Cette contribution militaire devait se faire à l’intérieur de la Force internationale d’assistance à la sécurité (FIAS), une coalition européenne. Pour les élus, le choix de la FIAS était facile à endosser, car la mission, située dans la capitale afghane, s’annonçait relativement calme et stable (Gross Stein et Lang 2007, 15). De plus, l’accent principal de la mission serait d’abord humanitaire, puis ensuite sécuritaire. Ainsi, la FIAS ne serait pas une mission de combat. Les combats seraient uniquement pris en charge par les forces américaines dans le cadre de l’opération Enduring Freedom. Cependant, le gouvernement a assumé trop vite qu’il pourrait faire partie de la FIAS. En effet, les Anglais, responsables de mettre sur pied la mission, laissaient entendre que c’était une mission européenne, et que la contribution canadienne n’était pas la bienvenue (Gross Stein et Lang 2007, 16). C’est ainsi que le Canada s’est retourné vers les États-Unis pour lui offrir de contribuer à l’opération Euduring Freedom (Gross Stein et Lang 2007, 18). L’impact organisationnel de ce changement de plan dans la participation canadienne sera abordé lors de l’analyse de la cohésion des institutions politico-militaires.

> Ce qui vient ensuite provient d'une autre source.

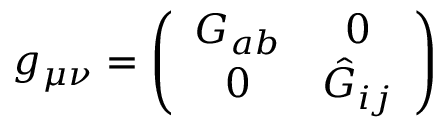Convert formula to latex. <formula><loc_0><loc_0><loc_500><loc_500>g _ { \mu \nu } = \left ( \begin{array} { c c } { { G _ { a b } } } & { 0 } \\ { 0 } & { { \hat { G } _ { i j } } } \end{array} \right )</formula> 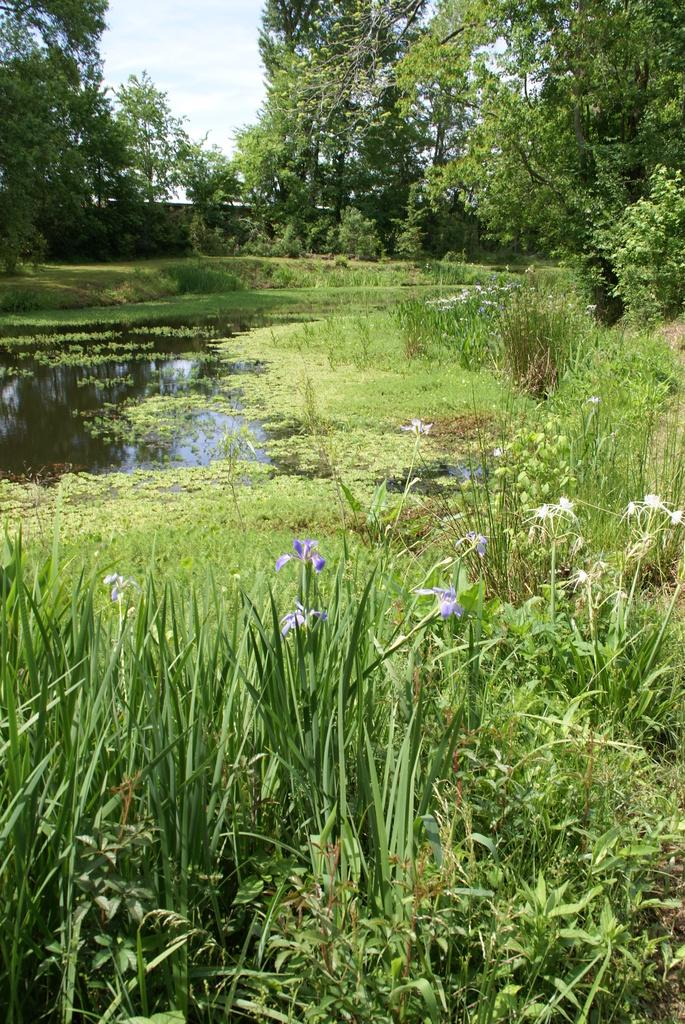What types of vegetation can be seen at the bottom of the image? There are plants, flowers, and grass at the bottom of the image. What body of water is present at the bottom of the image? There is a small pond at the bottom of the image. What can be seen in the background of the image? There are trees and a wall in the background of the image. What part of the natural environment is visible at the top of the image? The sky is visible at the top of the image. How many sheep are blowing in the wind in the image? There are no sheep present in the image, nor is there any blowing in the wind. 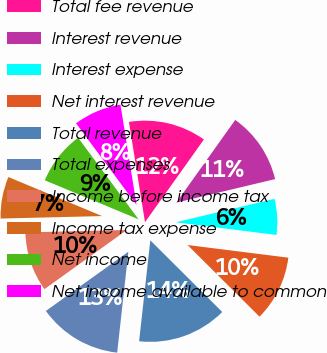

En résumé, le support indéniable des élus canadiens pour une réponse forte aux attaques terroristes a facilité la décision du gouvernement canadien de déployer les forces canadiennes en Afghanistan. Contrairement au cas de la guerre du Golfe, où les opinions divergentes et la faible discipline de partis avaient permis au gouvernement d’adopter une décision controversée; la controverse dans le cas de l’Afghanistan est plutôt venue après la décision. C’est en effet au moment de choisir le type de contribution à apporter que les divisions sont apparues. Il est intéressant de constater que lors de la guerre en Afghanistan, les lignes de partis se sont également effacées, mais cette fois pour appuyer la mission. Comme l’a dit Stockwell Day le 17 septembre dans un échange à la Chambre des

communes, « [a]ujourd'hui, je sais que chacun des députés de chaque parti dirait sans hésiter qu'il est un Canadien, un allié, un ami et non uniquement un député d'un parti donné » (Débat de la Chambre des communes 2001a, 5117).